Why free money has very real costs
LOW interest rates are great, high interest rates are bad – that, at least, seems to be the general message from politicians and the media, who almost invariably welcome easy money and decry rate hikes. The problem is that the public doesn’t agree – not a bit, in fact. The latest YouGov research on the matter reveals that just 23 per cent of the public agree that “low interest rates are good for my personal finances”, while 36 per cent believe that they are bad and 31 per cent don’t think it makes a difference either way.
If you are stuck in the Westminster or media bubbles, or are a mainstream economist, and are conditioned to believe that everybody loves easy money, these are truly shocking and counter-intuitive results; in the real world, of course, they make sense. Savers, pension funds and those trying to purchase annuities are being hammered by rock bottom interest rates (and price signals are being hugely distorted); the great winners are those who have a lot of debt with interest rates linked to base rates.
Capitalism can’t work properly with state-imposed negative real interest rates. The only age group which supports low rates – and 36 per cent to 21 per cent is hardly an emphatic endorsement – are 25-39 year olds, who have lots of debt and big mortgages. Tory voters especially hate low interest rates. The public also dislike inflation far more than the political classes usually understand.
The Bank of England will do what it believes is right when it meets today, regardless of public opinion. But the reason I am highlighting these fascinating surveys is that monetary policy is much more complex – and far more political – than even the politicians themselves realise. They like low rates because they hope they will boost growth and jobs, and forget that manipulating the price of credit can be extremely dangerous, but there is even more to it than that.

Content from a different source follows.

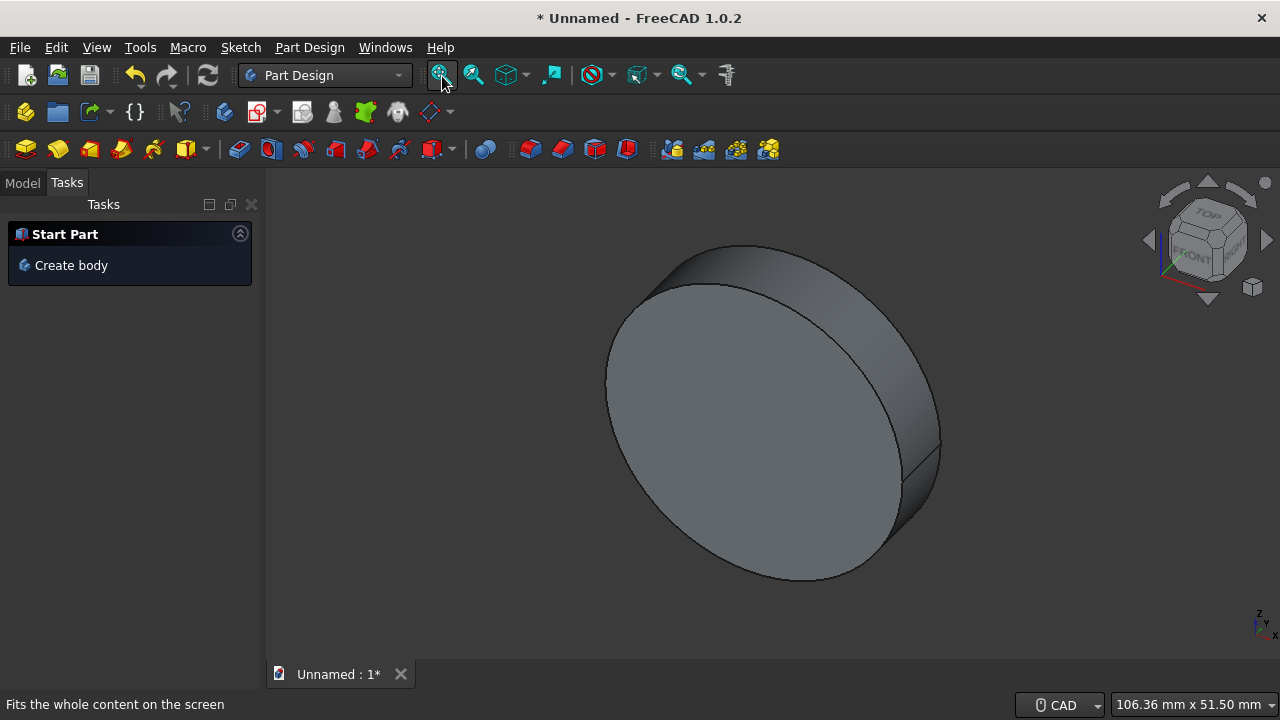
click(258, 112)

Take quantitative easing (QE): in today’s Britain the distinction between fiscal policy (the Treasury’s job) and monetary policy (the Bank’s) has broken down. Under the guise of counter-acting the negative impact on the money supply of new banking regulations, the Bank of England is helping the Treasury finance spending to an astonishing degree. In October 2011, the Bank bought £16.9bn worth of gilts, compared with £17bn raised by the authorities – the entirety of the budget deficit that month was monetised. It was even more extreme in November 2011: the Bank bought £23.9bn of gilts while the Debt Management Office (DMO) issued “only” a net £11.9bn. In December, the Bank bought £15.3bn against an issuance of £13.4bn. In 2012 (up to 2 February) it has bought £23.9bn worth of gilts, against issuance of £16.1bn. Concentrated bouts of QE have benefits as well as costs, of course – but among the latter must be included reduced discipline at a Treasury that no longer needs to worry as much about levying taxes to fund spending.
Monetary policy has a huge effect on growth, jobs and inflation. It also has immense distributional effects – helping borrowers and hurting savers – and huge political effects. There is no doubt the UK would have lost its AAA-rating in the absence of mass gilt-buying via QE. If the Bank decides to go for more QE today, it will mean Sir Mervyn King has agreed to do George Osborne’s job for another few months. The chancellor will be delighted, of course, but that’s not really the point.